Our planned 'first of the month' birding outing took place despite the bitterly cold NE wind from Siberia. Nothing to see at Harpley Cottages, breakfast at Abbey Farm where 2 Little Owls huddled in the base of the fallen oak. Pam spotted a Common Buzzard on the ground feeding on carrion in a field to the right of the hide. Looking for the finch flock present last month, we stopped to look at the scruffy barn area opposite the farmyard entrance.A bare tree just showing to the right of the building had Yellowhammers, Tree Sparrows, a Reed Bunting and Brambling amongst the Chaffinches. Excellent.
The orchards on the way to West Newton held a flock of over a hundred Fieldfare and the odd Redwing. Soon after passing West Newton village, a pager message informed us that the Great Grey Shrike was showing just down the road at Dersingham Bog. No parking room so, on the verge again. Nothing at all in the approach woods and no sign of the Shrike either. An older man who puffed up the steps told us that he'd been in the area when the news came through and he hadn't seen the bird.
On to Snettisham RSPB where we saw 3 Scaup on the first pit, 1 female and 2 immature males. A good start. Hardly had we driven onto the raised causeway than we were engulfed in a heavy snow shower which made viewing impossible so we beat a hasty retreat.
Another heavy snow shower at Hunstanton cliffs which we watched sweeping from the north east across the Wash. Common and Velvet Scoter were identified before the snow obliterated the view. Making our way along the north coast with no further walks and just two stops at Brancaster Staithe and Cley visitor centre to view the marshes, we were home by 2.20 out since 7.30. Considering the weather and the hours spent, the day's total of 88 species was amazing.
A late morning drive to Winterton Beach via Horsey added 6 Common Cranes and a Gannet to the month list. Shopping in North Walsham Sainsbury's added 3 Waxwings!

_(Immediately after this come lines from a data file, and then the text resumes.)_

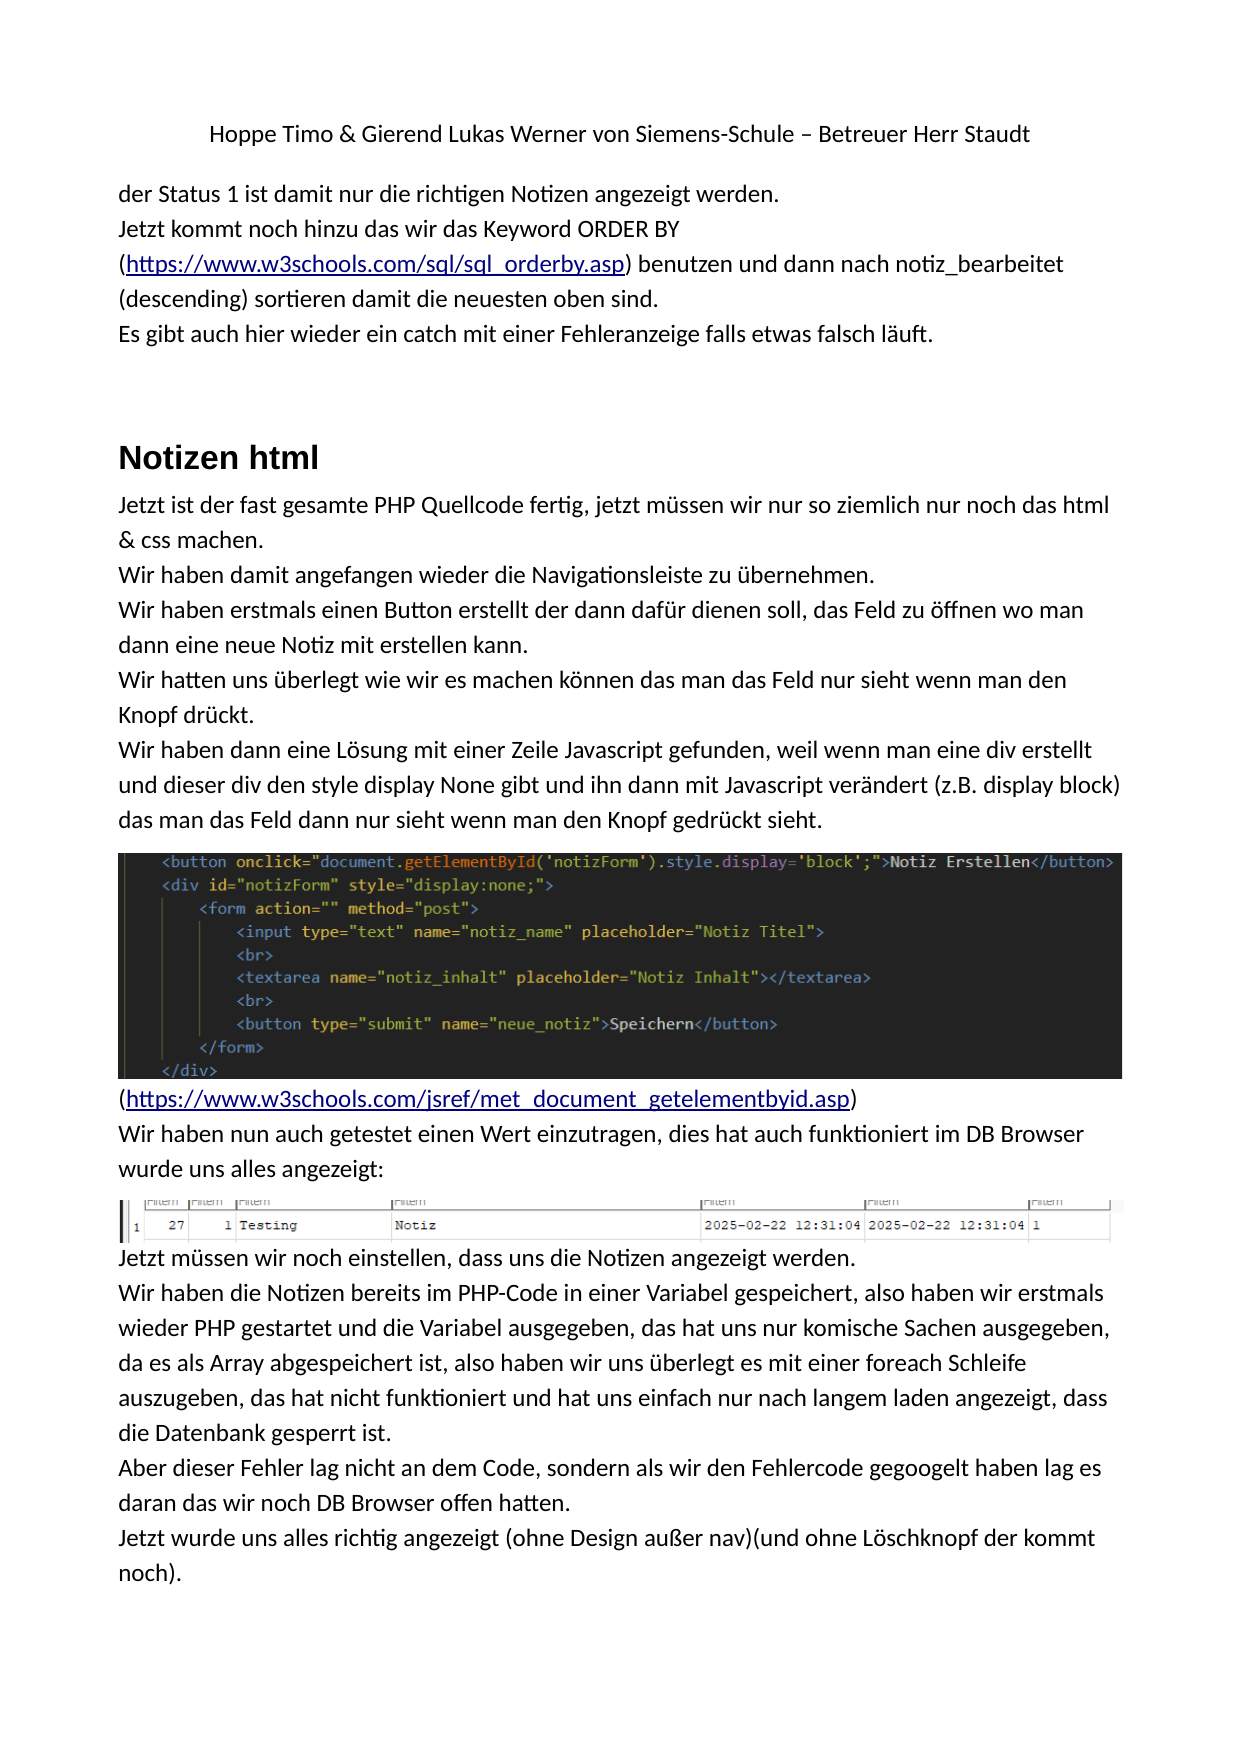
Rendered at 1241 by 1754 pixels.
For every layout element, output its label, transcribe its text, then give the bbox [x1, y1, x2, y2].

text Jetzt ist der fast gesamte PHP Quellcode fertig, jetzt müssen wir nur so ziemlich nur noch das html & css machen. Wir haben damit angefangen wieder die Navigationsleiste zu übernehmen. Wir haben erstmals einen Button erstellt der dann dafür dienen soll, das Feld zu öffnen wo man dann eine neue Notiz mit erstellen kann. Wir hatten uns überlegt wie wir es machen können das man das Feld nur sieht wenn man den Knopf drückt. Wir haben dann eine Lösung mit einer Zeile Javascript gefunden, weil wenn man eine div erstellt und dieser div den style display None gibt und ihn dann mit Javascript verändert (z.B. display block) das man das Feld dann nur sieht wenn man den Knopf gedrückt sieht. [118, 489, 1122, 835]
picture [118, 853, 1123, 1079]
subtitle Notizen html [118, 438, 1122, 477]
text der Status 1 ist damit nur die richtigen Notizen angezeigt werden. Jetzt kommt noch hinzu das wir das Keyword ORDER BY (https://www.w3schools.com/sql/sql_orderby.asp) benutzen und dann nach notiz_bearbeitet (descending) sortieren damit die neuesten oben sind. Es gibt auch hier wieder ein catch mit einer Fehleranzeige falls etwas falsch läuft. [118, 178, 1122, 349]
text (https://www.w3schools.com/jsref/met_document_getelementbyid.asp) Wir haben nun auch getestet einen Wert einzutragen, dies hat auch funktioniert im DB Browser wurde uns alles angezeigt: Jetzt müssen wir noch einstellen, dass uns die Notizen angezeigt werden. Wir haben die Notizen bereits im PHP-Code in einer Variabel gespeichert, also haben wir erstmals wieder PHP gestartet und die Variabel ausgegeben, das hat uns nur komische Sachen ausgegeben, da es als Array abgespeichert ist, also haben wir uns überlegt es mit einer foreach Schleife auszugeben, das hat nicht funktioniert und hat uns einfach nur nach langem laden angezeigt, dass die Datenbank gesperrt ist. Aber dieser Fehler lag nicht an dem Code, sondern als wir den Fehlercode gegoogelt haben lag es daran das wir noch DB Browser offen hatten. Jetzt wurde uns alles richtig angezeigt (ohne Design außer nav)(und ohne Löschknopf der kommt noch). [118, 1079, 1122, 1623]
picture [119, 1200, 1124, 1243]
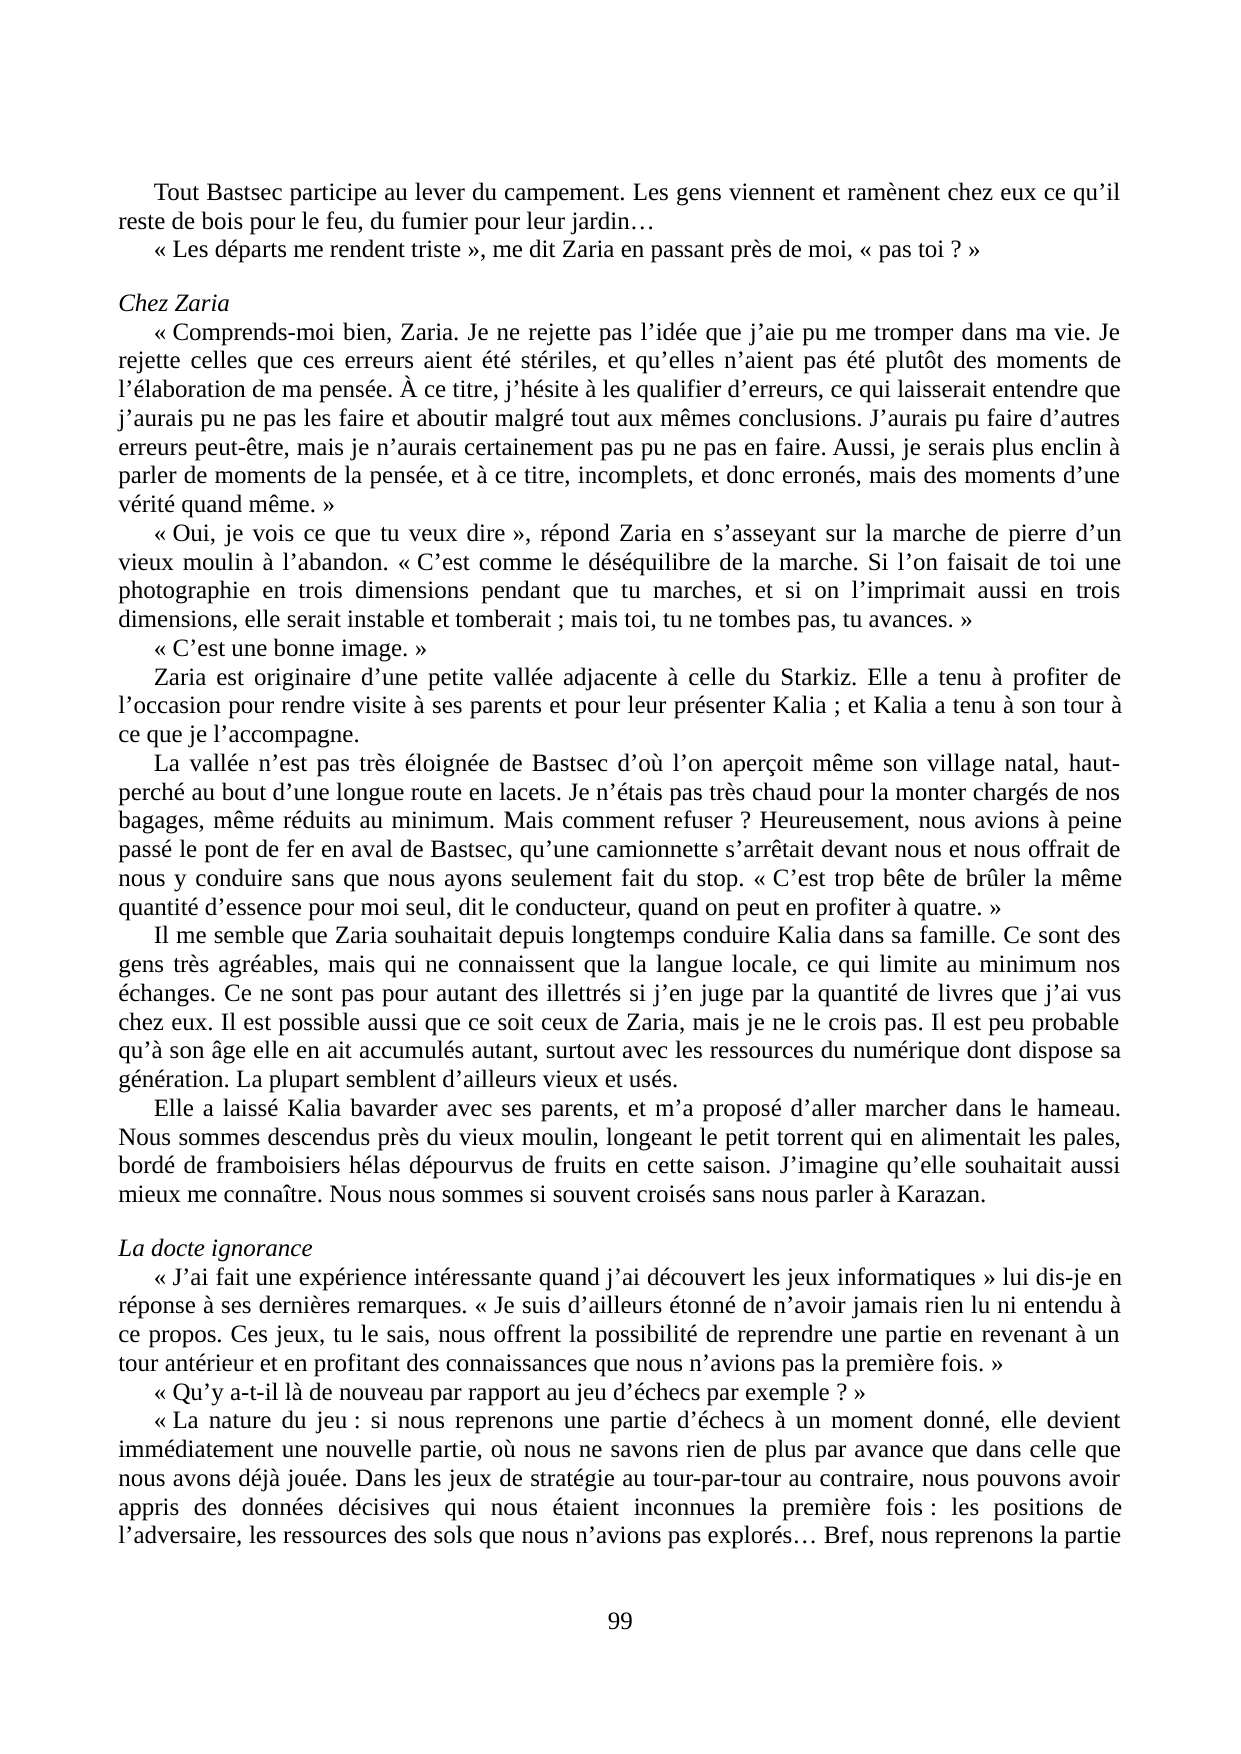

We're just in from 3 hours sitting in Fen Hide,Strumpshaw RSPB, freezing ! Pleasant chat with Pete Milford, Dave Holman and a couple of Great Yarmouth Bird Club members, including Judy, helped to pass the time as did three views of Bitterns flying, two of them in quick succession so different birds.One flight was for the full panorama of the extensive view from the hide across the reed bed. No Penduline Tit though. It seems to be ages since we were birding so it was nice to be out, the paths and hides there have been much improved since our last venture beyond the Reception hide.